NeuralGraph doesn't rely on a single retrieval method. It runs three concurrent channels and merges the results:
| Channel | How It Works | What It Catches |
|---|---|---|
| Trigger Matching | Scans input for trigger phrases, weighted by strength | Contextually relevant nodes that should fire based on conversational patterns |
| Vector Search | Embeds the input and finds semantically similar nodes | Nodes with similar meaning that triggers might miss |
| Graph Expansion | Traverses edges from matched nodes to find connected knowledge | Related context that wouldn't match on text alone |
All three channels run without an LLM call. Retrieval is pure computation — trigger matching, embedding lookup, graph traversal. This means context retrieval takes milliseconds, not seconds. The only LLM call is the final response generation, which uses the context NeuralGraph assembled.
Knowledge isn't static. NeuralGraph manages the full lifecycle of every node:
The result is a graph that naturally reflects what matters now. Recent, frequently-referenced knowledge rises to the top. Old, unused knowledge fades. The system maintains itself without manual curation.

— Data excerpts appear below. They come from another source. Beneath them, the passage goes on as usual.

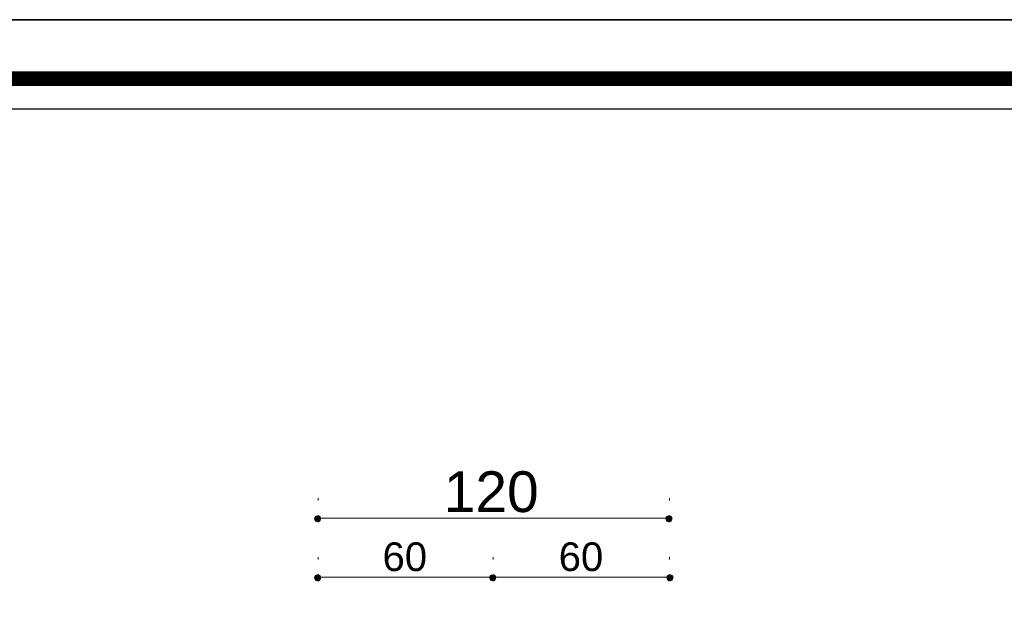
# Model space of a CAD drawing. Header units: metres. Extents: x 5.7 to 89.8, y 4 to 63.5.
# Tile 52 of 59: x 47.9 to 56.9, y 58.2 to 63.5. Entities that reach past the tile are written whole.
import ezdxf

# ---------------------------------------------------------------- set-up
doc = ezdxf.new("R2010")
doc.units = ezdxf.units.M
doc.header["$MEASUREMENT"] = 0
for name, color, linetype in [('PDF8_dim', 7, 'Continuous'), ('PDF8_KADR', 7, 'Continuous'), ('PDF8_Text', 7, 'Continuous')]:
    doc.layers.add(name, color=color, linetype=linetype)
doc.styles.add('PDF Arial', font='arial.ttf')

msp = doc.modelspace()

# ---------------------------------------------------------------- linework, layer by layer
at = {"layer": 'PDF8_dim', "lineweight": 20}
for points in [[(50.6055, 59.1035), (50.6055, 59.0842)], [(53.8127, 59.1035), (53.8127, 59.0842)], [(50.6344, 58.9205), (50.673, 58.9205), (53.7453, 58.9205), (53.7742, 58.9205)], [(50.6055, 58.5641), (50.6055, 58.5449)], [(53.8127, 58.5641), (53.8127, 58.5449)], [(52.1658, 58.3811), (52.1369, 58.3811), (50.673, 58.3811), (50.6344, 58.3811)], [(53.7838, 58.3811), (53.7453, 58.3811), (52.2717, 58.3811), (52.2332, 58.3811)]]:
    msp.add_lwpolyline(points, dxfattribs=at)
msp.add_lwpolyline([(52.2043, 58.5449), (52.2043, 58.5641)], close=True, dxfattribs=at)
at = {"layer": 'PDF8_dim', "transparency": 33554559}
for points in [[(50.5766, 58.9397), (50.6055, 58.9205), (50.567, 58.9205)], [(50.567, 58.9205), (50.5766, 58.8916), (50.6055, 58.9205)], [(50.6055, 58.9494), (50.5766, 58.9397), (50.6055, 58.9205)], [(50.5766, 58.8916), (50.6055, 58.9205), (50.6055, 58.8819)], [(50.6055, 58.9205), (50.6248, 58.9397), (50.6055, 58.9494)], [(50.6344, 58.9205), (50.6055, 58.9205), (50.6248, 58.9397)], [(50.6055, 58.9205), (50.6055, 58.8819), (50.6248, 58.8916)], [(50.6248, 58.8916), (50.6344, 58.9205), (50.6055, 58.9205)], [(53.7838, 58.9397), (53.7742, 58.9205), (53.8127, 58.9205)], [(53.7742, 58.9205), (53.8127, 58.9205), (53.7838, 58.8916)], [(53.8127, 58.9205), (53.8127, 58.9494), (53.7838, 58.9397)], [(53.8127, 58.9205), (53.7838, 58.8916), (53.8127, 58.8819)], [(53.832, 58.9397), (53.8127, 58.9205), (53.8127, 58.9494)], [(53.8416, 58.9205), (53.832, 58.9397), (53.8127, 58.9205)], [(53.8127, 58.8819), (53.832, 58.8916), (53.8127, 58.9205)], [(53.832, 58.8916), (53.8127, 58.9205), (53.8416, 58.9205)], [(50.5766, 58.4004), (50.6055, 58.3811), (50.567, 58.3811)], [(50.567, 58.3811), (50.5766, 58.3522), (50.6055, 58.3811)], [(50.6055, 58.41), (50.5766, 58.4004), (50.6055, 58.3811)], [(50.5766, 58.3522), (50.6055, 58.3811), (50.6055, 58.3426)], [(50.6055, 58.3811), (50.6248, 58.4004), (50.6055, 58.41)], [(50.6344, 58.3811), (50.6055, 58.3811), (50.6248, 58.4004)], [(50.6055, 58.3811), (50.6055, 58.3426), (50.6248, 58.3522)], [(50.6248, 58.3522), (50.6344, 58.3811), (50.6055, 58.3811)], [(52.1754, 58.4004), (52.2043, 58.3811), (52.1658, 58.3811)], [(52.1754, 58.4004), (52.1658, 58.3811), (52.2043, 58.3811)], [(52.1658, 58.3811), (52.1754, 58.3522), (52.2043, 58.3811)], [(52.1658, 58.3811), (52.2043, 58.3811), (52.1754, 58.3522)], [(52.2043, 58.41), (52.1754, 58.4004), (52.2043, 58.3811)], [(52.2043, 58.3811), (52.2043, 58.41), (52.1754, 58.4004)], [(52.1754, 58.3522), (52.2043, 58.3811), (52.2043, 58.3426)], [(52.2043, 58.3811), (52.1754, 58.3522), (52.2043, 58.3426)], [(52.2043, 58.3811), (52.2236, 58.4004), (52.2043, 58.41)], [(52.2236, 58.4004), (52.2043, 58.3811), (52.2043, 58.41)], [(52.2332, 58.3811), (52.2043, 58.3811), (52.2236, 58.4004)], [(52.2332, 58.3811), (52.2236, 58.4004), (52.2043, 58.3811)], [(52.2043, 58.3811), (52.2043, 58.3426), (52.2236, 58.3522)], [(52.2236, 58.3522), (52.2332, 58.3811), (52.2043, 58.3811)], [(52.2043, 58.3426), (52.2236, 58.3522), (52.2043, 58.3811)], [(52.2236, 58.3522), (52.2043, 58.3811), (52.2332, 58.3811)], [(53.7935, 58.4004), (53.7838, 58.3811), (53.8127, 58.3811)], [(53.7838, 58.3811), (53.8127, 58.3811), (53.7935, 58.3522)], [(53.8127, 58.3811), (53.8127, 58.41), (53.7935, 58.4004)], [(53.8127, 58.3811), (53.7935, 58.3522), (53.8127, 58.3426)], [(53.8416, 58.4004), (53.8127, 58.3811), (53.8127, 58.41)], [(53.8512, 58.3811), (53.8416, 58.4004), (53.8127, 58.3811)], [(53.8127, 58.3426), (53.8416, 58.3522), (53.8127, 58.3811)], [(53.8416, 58.3522), (53.8127, 58.3811), (53.8512, 58.3811)]]:
    msp.add_solid(points, dxfattribs=at)
at = {"layer": 'PDF8_KADR', "lineweight": 25}
for points in [[(5.6952, 4.013), (89.7853, 4.013), (89.7853, 63.476), (5.6952, 63.476)], [(5.6952, 63.476), (89.7853, 63.476), (89.7853, 4.013), (5.6952, 4.013)], [(6.5139, 4.8317), (88.8414, 4.8317), (88.8414, 62.6574), (6.5139, 62.6574)]]:
    msp.add_lwpolyline(points, close=True, dxfattribs=at)
at = {"layer": 'PDF8_KADR', "lineweight": 0, "const_width": 0.1348}
msp.add_lwpolyline([(6.2346, 62.9367), (6.2346, 4.5523), (89.1111, 4.5523), (89.1111, 62.9367)], close=True, dxfattribs=at)

# ---------------------------------------------------------------- texts
at = {"layer": 'PDF8_Text', "attachment_point": 7, "style": 'PDF Arial'}
for s, insert, char_height in [('120', (51.7516, 58.972), 0.37229), ('60', (51.193, 58.4345), 0.26198), ('60', (52.8014, 58.4345), 0.26198)]:
    msp.add_mtext(s, dxfattribs=dict(at, insert=insert, char_height=char_height))

doc.saveas('drawing.dxf')
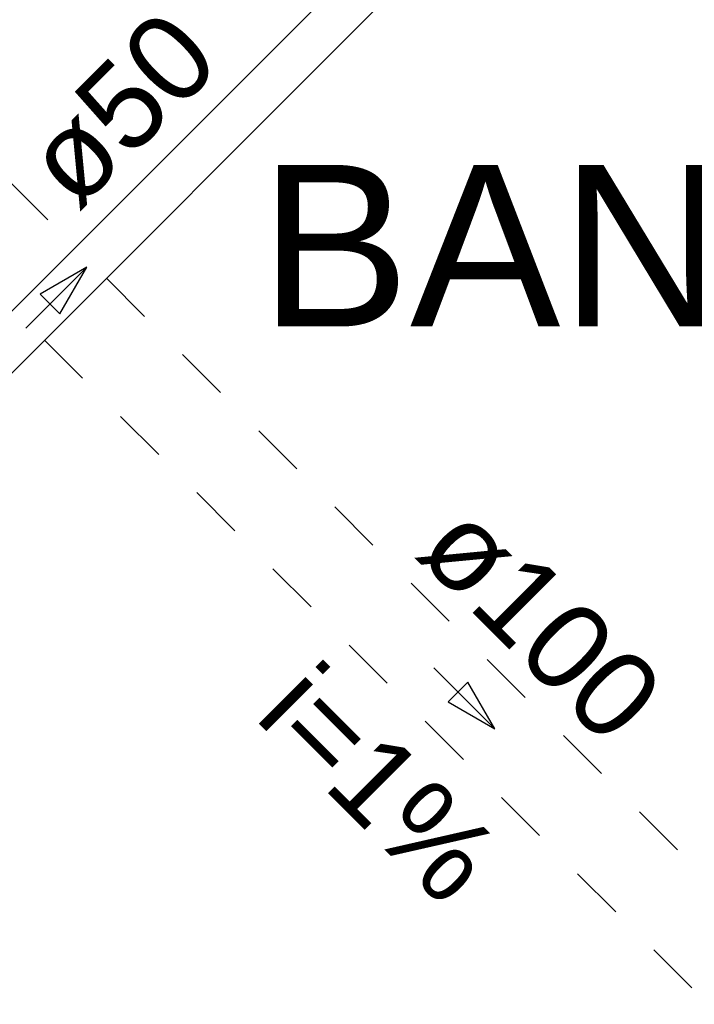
# Model space of a CAD drawing. Header units: millimetres. Extents: x 567 to 934, y -1 to 364.
# Tile 30 of 256: x 608.16 to 609.73, y 44.62 to 46.9. Entities that reach past the tile are written whole.
import ezdxf

# ---------------------------------------------------------------- set-up
doc = ezdxf.new("R2010")
doc.units = ezdxf.units.MM
doc.header["$MEASUREMENT"] = 0
doc.linetypes.add('JIS_02_1.2', pattern=[0.25, 0.125, -0.125])
doc.linetypes.add('NULL', pattern=[0])
for name, color, linetype, lineweight in [('AP-Condutos', 14, 'JIS_02_1.2', 25), ('AP-Sentido conduto', 14, 'Continuous', 30), ('AP-Textos conduto', 7, 'Continuous', 9), ('TQ-Condutos', 14, 'Continuous', 25), ('TQ-Sentido conduto', 14, 'Continuous', 30), ('TQ-Textos conduto', 7, 'Continuous', 9)]:
    doc.layers.add(name, color=color, linetype=linetype, lineweight=lineweight)
doc.layers.add('ARQ FINA', color=8, linetype='Continuous')
doc.styles.add('Arial', font='arial.ttf')

msp = doc.modelspace()

# ---------------------------------------------------------------- linework, layer by layer
at = {"layer": 'AP-Condutos'}
for p, q in [((607.4312, 47.2321), (608.2907, 46.3726)), ((608.3624, 46.3009), (611.381, 43.2823)), ((608.2187, 46.1573), (611.2373, 43.1386))]:
    msp.add_line(p, q, dxfattribs=at)
at = {"layer": 'AP-Sentido conduto'}
for p, q in [((609.2013, 45.3641), (609.1555, 45.3183)), ((609.2638, 45.2558), (609.2013, 45.3641)), ((609.1555, 45.3183), (609.2638, 45.2558))]:
    msp.add_line(p, q, dxfattribs=at)
msp.add_lwpolyline([(609.1224, 45.3972), (609.2638, 45.2558)], dxfattribs=at)
at = {"layer": 'TQ-Condutos'}
for p, q in [((607.4916, 45.5736), (609.004, 47.086)), ((607.5633, 45.5019), (609.0757, 47.0143))]:
    msp.add_line(p, q, dxfattribs=at)
at = {"layer": 'TQ-Sentido conduto'}
for p, q in [((608.3167, 46.3269), (608.2084, 46.2644)), ((608.2542, 46.2187), (608.3167, 46.3269)), ((608.2084, 46.2644), (608.2542, 46.2187))]:
    msp.add_line(p, q, dxfattribs=at)
msp.add_lwpolyline([(608.1752, 46.1855), (608.3167, 46.3269)], dxfattribs=at)

# ---------------------------------------------------------------- texts
at = {"layer": 'AP-Textos conduto', "linetype": 'NULL', "char_height": 0.2, "attachment_point": 8, "rotation": 314.9999, "line_spacing_factor": 0.6, "style": 'Arial'}
for s, insert, width in [('ø100', (609.2982, 45.4317), 1.273476), ('i=1%', (608.9239, 45.0574), 1.257927)]:
    msp.add_mtext(s, dxfattribs=dict(at, insert=insert, width=width))
at = {"layer": 'ARQ FINA', "linetype": 'NULL', "lineweight": 5, "insert": (608.7176, 46.1838), "char_height": 0.375, "width": 6.649962, "attachment_point": 7, "line_spacing_factor": 0.9, "style": 'Arial'}
msp.add_mtext('BANH° MASC', dxfattribs=at)
at = {"layer": 'TQ-Textos conduto', "linetype": 'NULL', "insert": (608.4675, 46.6215), "char_height": 0.2, "width": 0.962805, "attachment_point": 8, "rotation": 45.0001, "line_spacing_factor": 0.6, "style": 'Arial'}
msp.add_mtext('ø50', dxfattribs=at)

doc.saveas('drawing.dxf')
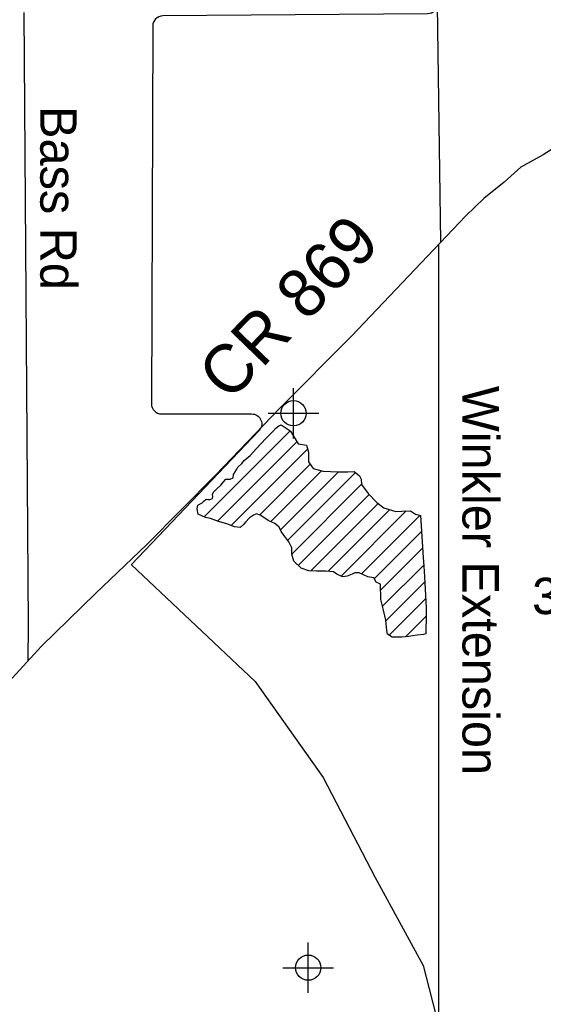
# Model space of a CAD drawing. Extents: x 164447 to 260447, y 765761 to 829592.
# Tile 9 of 16: x 201872 to 207057, y 785947 to 795695. Entities that reach past the tile are written whole.
import ezdxf

# ---------------------------------------------------------------- set-up
doc = ezdxf.new("R2010")
doc.units = 0
doc.header["$LTSCALE"] = 800
doc.header["$PDMODE"] = 34
doc.header["$PDSIZE"] = 250
doc.layers.get('0').update_dxf_attribs({"linetype": 'CONTINUOUS'})
for name, color, linetype in [('MAJROADS', 9, 'CONTINUOUS'), ('SEC', 2, 'CONTINUOUS'), ('TEXT', 7, 'CONTINUOUS'), ('WETDBA', 11, 'CONTINUOUS'), ('WETFILL', 12, 'CONTINUOUS'), ('WSHEDS', 3, 'CONTINUOUS')]:
    doc.layers.add(name, color=color, linetype=linetype)

# ---------------------------------------------------------------- blocks, each defined once
blk = doc.blocks.new('*X')
at = {"color": 0}
for p, q in [((203698.802109, 790774.207189), (204549.088023, 791624.493104)), ((203830.537185, 790729.165569), (204616.509338, 791515.137723)), ((203964.864846, 790686.716536), (204722.459976, 791444.311665)), ((204246.015026, 790791.09002), (204748.29242, 791293.367414)), ((204355.801409, 790724.099708), (204860.272436, 791228.570735)), ((204453.516834, 790645.038438), (205028.117341, 791219.638945)), ((204526.458677, 790541.203585), (205195.941587, 791210.686495)), ((204566.212555, 790404.180768), (205257.252448, 791095.220661)), ((204630.741316, 790291.932833), (205332.263048, 790993.454565)), ((204753.836958, 790238.251781), (205421.274272, 790905.689094)), ((204925.979164, 790233.617291), (205536.595912, 790844.23404)), ((205055.433264, 790186.294696), (205700.434631, 790831.296063)), ((205255.592068, 790209.676805), (205833.494816, 790787.579552)), ((205383.00479, 790160.312832), (205850.947231, 790628.255273)), ((205445.994238, 790046.525584), (205861.51687, 790462.048216)), ((205463.88252, 789887.637171), (205872.432617, 790296.187268)), ((205496.832339, 789743.810294), (205882.760869, 790129.738825)), ((205530.341014, 789600.542274), (205890.975089, 789961.176349)), ((205692.647075, 789586.07164), (205895.831626, 789789.25619))]:
    blk.add_line(p, q, dxfattribs=at)

msp = doc.modelspace()

# ---------------------------------------------------------------- linework, layer by layer
at = {"layer": 'MAJROADS', "color": 0}
for points in [[(209433.085595, 796759.623887), (207432.939525, 794627.275179), (207264.536694, 794490.148613), (207054.669671, 794357.484969), (206833.913904, 794235.761224), (206667.663245, 794085.532356), (206468.644043, 793924.465898), (206289.245043, 793752.439079), (205157.906007, 792561.05695), (204448.985195, 791848.917704), (203812.216563, 791186.815528), (203131.729258, 790498.621289), (202624.163977, 790013.029316), (202088.139611, 789492.578014), (201762.058999, 789137.533322)], [(206041.565464, 793491.614503), (206009.769935, 795836.606332)], [(201911.636703, 795766.292702), (201954.44368, 789708.05137), (201954.231138, 789346.775134)], [(206019.196855, 793468.058734), (206019.196855, 780859.780535)]]:
    msp.add_lwpolyline(points, dxfattribs=at)
at = {"layer": 'SEC', "color": 0}
for p in [(204582.902771, 791798.197387), (204729.105169, 786309.483884)]:
    msp.add_point(p, dxfattribs=at)
at = {"layer": 'WETDBA', "color": 0}
msp.add_lwpolyline([(204337.60636, 790732.03357), (204252.605461, 790788.182288), (204215.777677, 790804.430886), (204187.847478, 790788.373817), (204146.332444, 790761.77301), (204108.52327, 790721.891375), (204088.214943, 790697.622017), (204054.283653, 790667.485463), (203999.916893, 790672.798325), (203922.67865, 790703.467522), (203840.11479, 790725.459108), (203759.995742, 790756.464576), (203712.414067, 790767.948642), (203640.91397, 790800.823171), (203630.433733, 790850.744071), (203636.60978, 790887.489732), (203677.776812, 790912.64867), (203697.775266, 790930.799617), (203715.296644, 790943.893757), (203722.82466, 790947.192955), (203734.34788, 790945.847875), (203754.150847, 790943.850786), (203765.282069, 790946.459846), (203781.03704, 790955.582247), (203785.198399, 790974.683344), (203781.074145, 790995.155919), (203789.195511, 791013.929545), (203823.088673, 791048.742641), (203863.436515, 791086.126669), (203891.576866, 791120.533104), (203914.400398, 791145.182726), (203921.586279, 791146.320588), (203935.98737, 791144.998972), (203957.211675, 791145.172018), (203986.589609, 791160.161616), (203989.206445, 791192.201405), (204021.151354, 791245.34627), (204031.065525, 791264.854029), (204069.638161, 791299.34552), (204070.354696, 791299.71112), (204093.856634, 791329.402884), (204153.887191, 791379.538916), (204215.540438, 791451.273652), (204309.373234, 791547.374534), (204377.16249, 791616.640993), (204408.911913, 791649.637822), (204436.783452, 791672.88957), (204462.227777, 791684.969034), (204541.481073, 791631.977015), (204553.777212, 791619.879761), (204628.180692, 791495.650398), (204712.461099, 791483.746028), (204730.303196, 791413.37895), (204730.36097, 791318.043579), (204777.660192, 791252.953282), (204876.111008, 791223.896067), (205023.645937, 791219.702583), (205120.072242, 791218.33022), (205183.370759, 791220.645096), (205235.512679, 791179.338304), (205237.682815, 791177.916966), (205252.704677, 791144.581958), (205257.440902, 791093.175195), (205322.206798, 791003.76377), (205408.550868, 790915.247794), (205479.13601, 790862.219363), (205595.635118, 790825.754384), (205656.394966, 790830.566867), (205742.005788, 790831.984386), (205791.55038, 790800.369881), (205840.960055, 790785.303139), (205867.370632, 790369.998098), (205867.733299, 790369.641297), (205873.093227, 790285.861408), (205880.811003, 790177.637205), (205885.759427, 790056.079381), (205895.897666, 789871.606239), (205895.801016, 789751.086555), (205894.638804, 789673.009615), (205892.955545, 789614.715112), (205871.786966, 789607.70712), (205808.169778, 789600.353035), (205722.994947, 789589.585365), (205656.143086, 789581.845149), (205559.365845, 789582.135377), (205513.439124, 789611.261074), (205508.457551, 789648.63528), (205496.121894, 789749.626674), (205473.003016, 789849.450876), (205448.047339, 789953.936956), (205444.633616, 790107.885503), (205403.102893, 790127.333579), (205377.578354, 790169.217146), (205318.493991, 790179.528155), (205233.619211, 790220.208311), (205191.550866, 790217.347013), (205164.31667, 790204.173682), (205113.009628, 790187.206502), (205069.540476, 790179.65693), (205013.924401, 790205.825565), (204978.854225, 790227.125104), (204904.669833, 790236.233726), (204811.861398, 790235.117281), (204736.638867, 790239.180828), (204659.07022, 790266.249752), (204585.133085, 790333.281411), (204566.208853, 790403.999424), (204567.49425, 790466.967536), (204537.515053, 790525.723404), (204498.940369, 790579.732339), (204461.132081, 790627.991396), (204442.076888, 790670.647225), (204397.539242, 790705.900132)], close=True, dxfattribs=at)
at = {"layer": 'WSHEDS', "color": 0}
msp.add_lwpolyline([(205895.582065, 799666.916781), (205938.290968, 798644.827203, -0.002675), (205938.329913, 798643.758103), (205972.155901, 797555.175637, -0.002391), (205972.181037, 797554.219405), (206008.714972, 795855.052274, -0.418184), (205909.534123, 795752.905831), (203288.002997, 795732.036602, 0.410904), (203188.799604, 795632.374896), (203176.266581, 791892.600591, 0.415195), (203276.26602, 791792.265465), (204168.693407, 791792.265465, -0.659904), (204241.009499, 791623.197507), (202978.836389, 790301.666816, -0.011701)], format="xyb", dxfattribs=at)
msp.add_lwpolyline([(202977.219863, 790299.974268), (204204.652459, 789141.327672), (204877.278466, 788191.738015), (205391.639531, 787202.582122), (205866.434359, 786332.124936), (206019.196855, 785739.047012), (206019.196855, 780859.780535)], dxfattribs=at)

# ---------------------------------------------------------------- block references
at = {"layer": 'WETFILL', "color": 0}
msp.add_blockref('*X', (0, 0), dxfattribs=at)
msp.add_blockref('*X', (0, 0), dxfattribs=at)
msp.add_blockref('*X', (0, 0), dxfattribs=at)
msp.add_blockref('*X', (0, 0), dxfattribs=at)
msp.add_blockref('*X', (0, 0), dxfattribs=at)
msp.add_blockref('*X', (0, 0), dxfattribs=at)
msp.add_blockref('*X', (0, 0), dxfattribs=at)
msp.add_blockref('*X', (0, 0), dxfattribs=at)
msp.add_blockref('*X', (0, 0), dxfattribs=at)
msp.add_blockref('*X', (0, 0), dxfattribs=at)
msp.add_blockref('*X', (0, 0), dxfattribs=at)
msp.add_blockref('*X', (0, 0), dxfattribs=at)
msp.add_blockref('*X', (0, 0), dxfattribs=at)
msp.add_blockref('*X', (0, 0), dxfattribs=at)
msp.add_blockref('*X', (0, 0), dxfattribs=at)
msp.add_blockref('*X', (0, 0), dxfattribs=at)
msp.add_blockref('*X', (0, 0), dxfattribs=at)
msp.add_blockref('*X', (0, 0), dxfattribs=at)
msp.add_blockref('*X', (0, 0), dxfattribs=at)
msp.add_blockref('*X', (0, 0), dxfattribs=at)
msp.add_blockref('*X', (0, 0), dxfattribs=at)
msp.add_blockref('*X', (0, 0), dxfattribs=at)

# ---------------------------------------------------------------- texts
at = {"layer": 'MAJROADS', "color": 0}
for s, height, rotation, p in [('Bass Rd', 360, 270, (202076.233055, 794839.379463)), ('CR 869', 480, 46, (203947.126791, 791902.352744)), ('Winkler Extension', 360, 270, (206256.418797, 792069.528859))]:
    msp.add_text(s, height=height, rotation=rotation, dxfattribs=at).set_placement(p)
at = {"layer": 'TEXT', "color": 0}
msp.add_text('3', height=360, dxfattribs=at).set_placement((206945.533941, 789809.959862))

doc.saveas('drawing.dxf')

After every response, the AI rates which context was relevant and which wasn't. These ratings flow back to NeuralGraph as relevance feedback, adjusting trigger strengths in real time.
Relevant context? Its triggers get stronger — that pattern will surface more easily next time. Irrelevant context? Its triggers weaken — the system learns not to surface it in similar situations. No retraining. No embeddings recomputed. Just edge weight adjustments in the graph.
| Approach | Retrieval | Structure | Adapts Over Time | Multi-Domain |
|---|---|---|---|---|
| RAG (vector only) | Semantic similarity | Flat text chunks | No | No |
| Entity Knowledge Graphs | Entity lookup | Entity-relation triples | No | No |
| Memory-augmented LLMs | Conversation window | Flat message history | Recency only | No |
| Graph Memory Systems | Graph relationships | Memory graph with updates/extends | Partial (rewrites) | No |
| NeuralGraph | Triggers + vectors + graph traversal (concurrent) | Typed nodes, weighted edges, configurable schemas | Adaptive triggers, relevance feedback, importance decay | Multi-space composition at query time |
Most existing approaches solve one piece of the problem. Vector RAG handles semantic recall but loses structure. Knowledge graphs preserve structure but can't adapt. Conversation windows are simple but forget everything outside the window. NeuralGraph combines structured storage, multi-channel retrieval, and continuous adaptation into a single platform — and lets applications compose across independent knowledge domains at query time.